The real estate agency Kenneth Crewe and Great-Grandson oversees cemetery rentals, and is open 24-7, always staffed by someone ready to rent out a crypt.
CHAPTER THIRTEEN
Zoë was getting out of the
blessed shower when her cell rang. Arthur again. She had nearly forgotten about him.
“Hey, did you have any luck?” she asked, wrapping a towel around herself.
“None,” he said, morosely. “I searched miles of swamp. Nearly got lost. I think I saw a gator.”
“I’m sorry. I had a rough night. One of my writers killed a person. Then he died. Then I got possessed by a ghost and got attacked by a dog demon, then I killed it. Broke my wrist, got a concussion, it was a mess.”

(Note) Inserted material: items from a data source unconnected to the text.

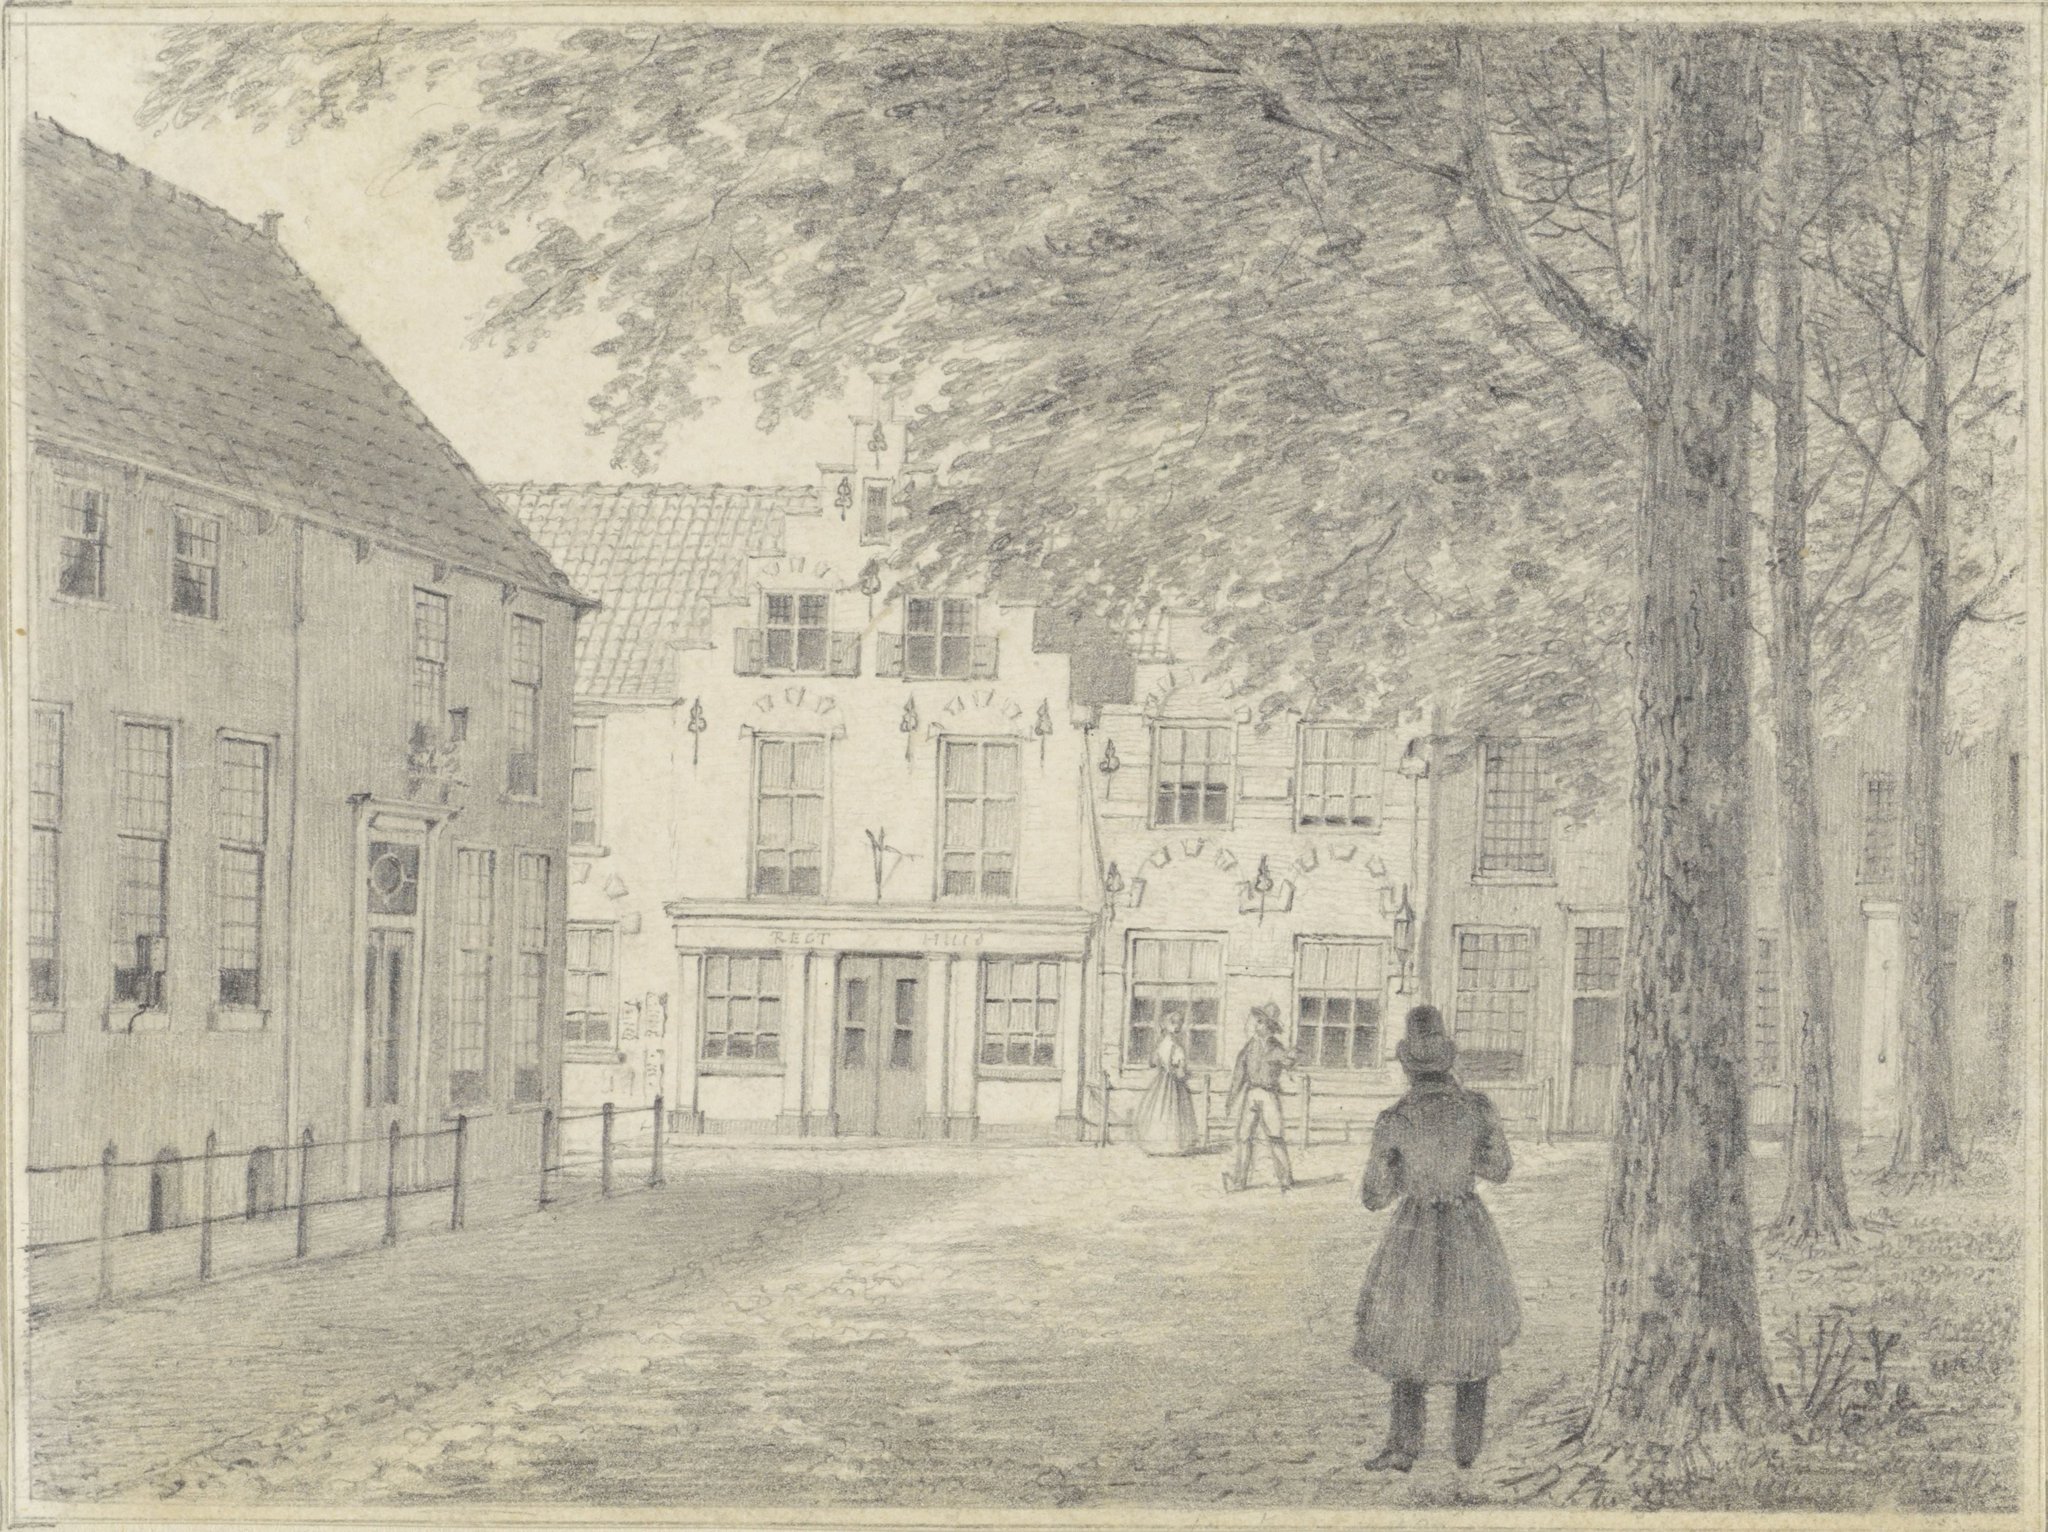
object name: drawing
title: Gezicht te Rijswijk
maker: hendrik abraham klinkhamer
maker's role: draughtsman, painter, print maker
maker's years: 1810-1872
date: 1839
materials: paper, pencil
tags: street

“Nice try on the one-upping, but I’m still the one who’s going to be a zombie at the end of the day,” Arthur said, his voice flat.
“I wasn’t—”
“Forget it. I need some sleep, I’m going back there tonight after I do some information gathering,” he said. “When I could get Ben to talk about his mentor, he said she was somewhere in the Barataria Swamps.”
“That’s pretty broad,” Zoë said. “And didn’t Ben say that Lucy had killed his mentor?”
“When has death ever stopped anyone? I figure I’m looking for a zombie or a vampire,” he said. “Or something else.”
“Then you’ll need backup,” she said.
“I’ll call you if I need you. Zoë, you have a whole mess of monster drama that follows you, and I don’t need that shit right now. I’m going to die and come back as a fucking zombie if I don’t work this out. Nothing is more important to me right now.” He hung up.
“But if nothing is more important then you should take all the help you can get!” she shouted, knowing he wasn’t there.
She stared at the phone, hurt. But what hurt more was that he was probably right.
While Zoë had no trouble with her zombie coworkers—except for the one who had attacked her, but he was high on formaldehyde and she didn’t hold that against him—Arthur had a different view of them, as monsters that needed policing. He didn’t want to turn into what he feared, didn’t want to suddenly be policed or hunted by his coworkers.
And to be honest, a zombie was not the most… sanitary of coterie. She didn’t know if she could stay with him if that happened. Be there for him, sure. But a physical relationship?